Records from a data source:
[Start of Attachment]

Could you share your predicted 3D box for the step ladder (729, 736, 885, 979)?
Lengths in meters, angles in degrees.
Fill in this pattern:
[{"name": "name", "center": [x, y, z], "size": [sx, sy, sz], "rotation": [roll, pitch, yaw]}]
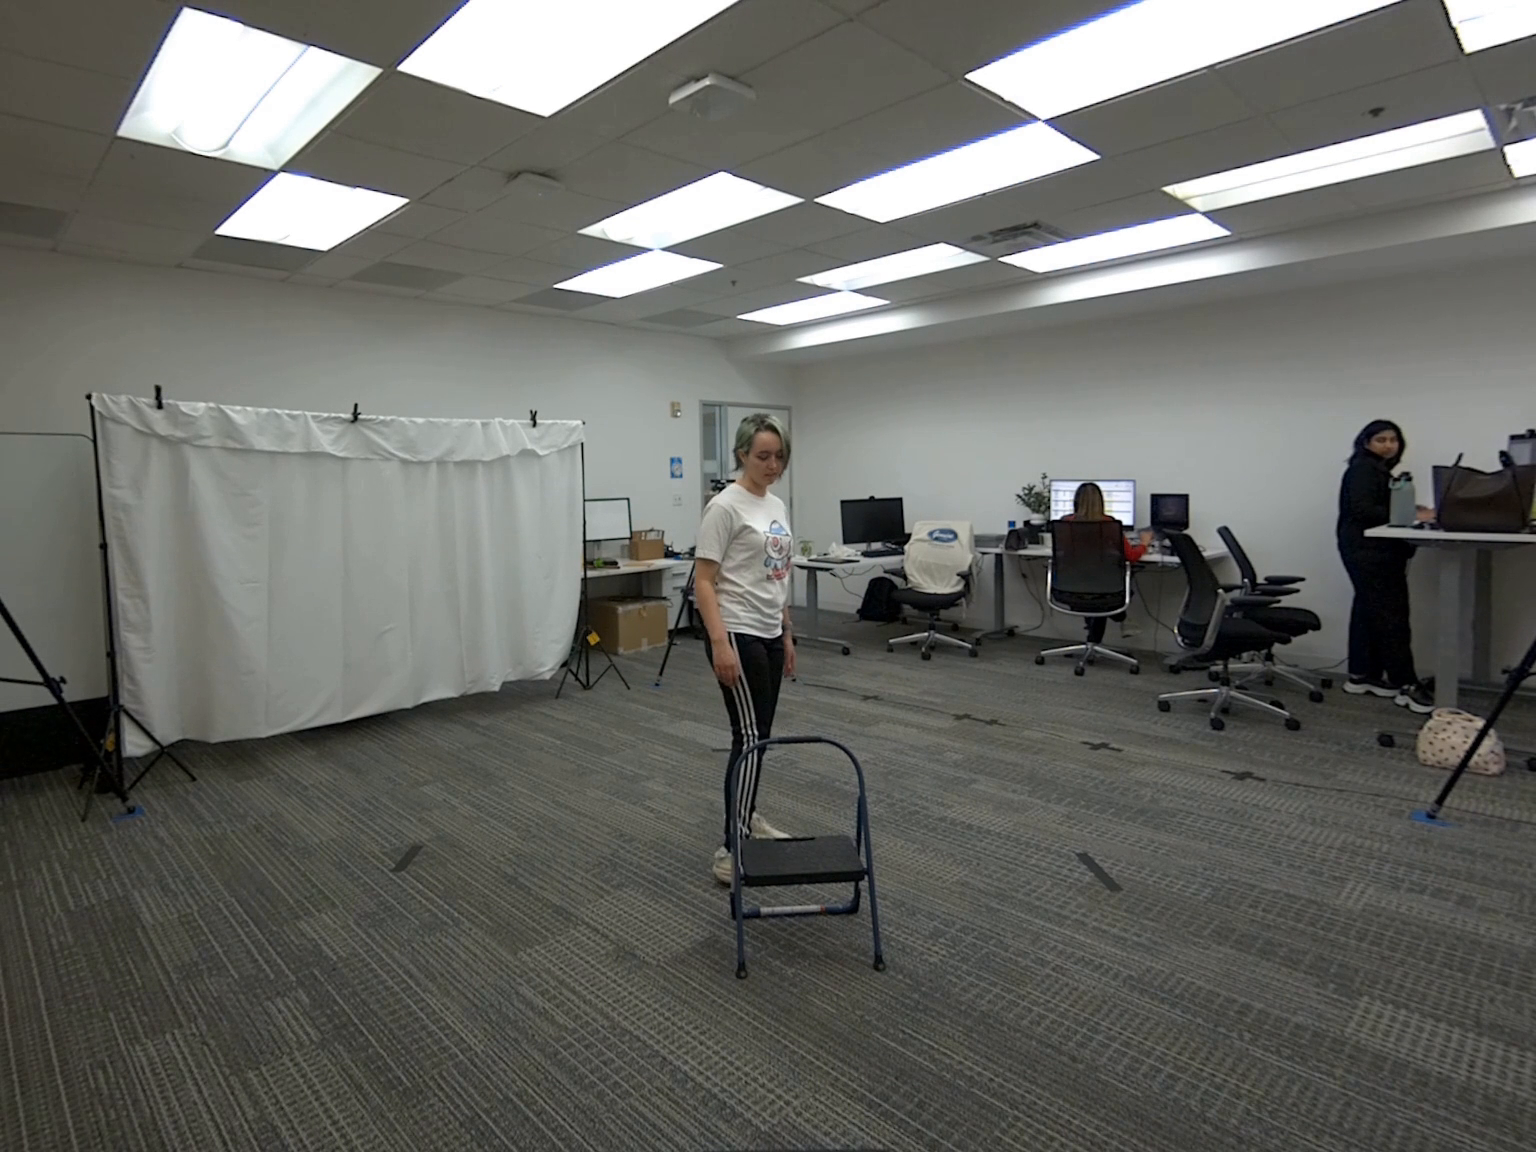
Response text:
[{"name": "step ladder", "center": [0.104, 0.808, 2.567], "size": [0.428, 0.604, 0.352], "rotation": [-1, 4, -6]}]
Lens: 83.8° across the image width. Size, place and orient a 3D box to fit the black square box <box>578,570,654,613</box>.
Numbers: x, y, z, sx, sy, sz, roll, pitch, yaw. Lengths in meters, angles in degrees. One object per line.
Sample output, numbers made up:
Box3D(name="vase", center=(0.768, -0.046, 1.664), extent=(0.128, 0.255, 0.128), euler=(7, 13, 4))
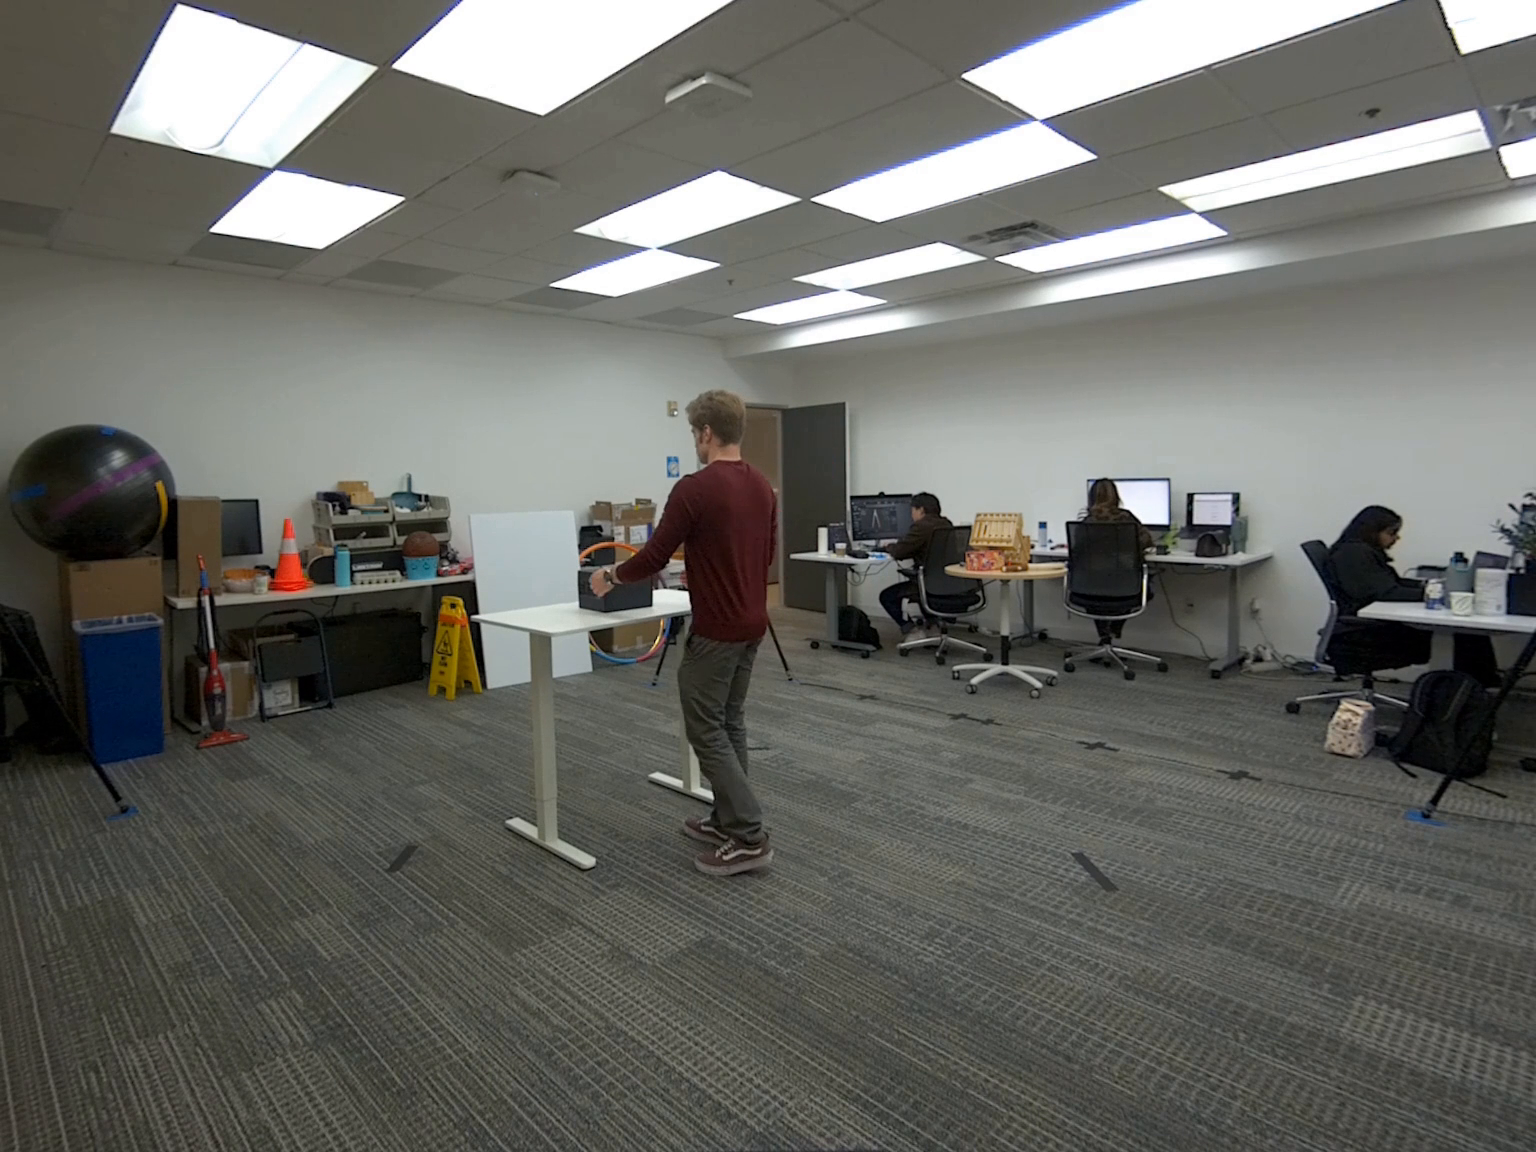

[End of Attachment]

» **TASK GOAL**:
Nothing but an exact copy of the data, without pictures, should be returned.

» **YOUR RESPONSE**:
Could you share your predicted 3D box for the step ladder (729, 736, 885, 979)?
Lengths in meters, angles in degrees.
Fill in this pattern:
[{"name": "name", "center": [x, y, z], "size": [sx, sy, sz], "rotation": [roll, pitch, yaw]}]
Response text:
[{"name": "step ladder", "center": [0.104, 0.808, 2.567], "size": [0.428, 0.604, 0.352], "rotation": [-1, 4, -6]}]
Lens: 83.8° across the image width. Size, place and orient a 3D box to fit the black square box <box>578,570,654,613</box>.
Numbers: x, y, z, sx, sy, sz, roll, pitch, yaw. Lengths in meters, angles in degrees. One object per line.
Sample output, numbers made up:
Box3D(name="vase", center=(0.768, -0.046, 1.664), extent=(0.128, 0.255, 0.128), euler=(7, 13, 4))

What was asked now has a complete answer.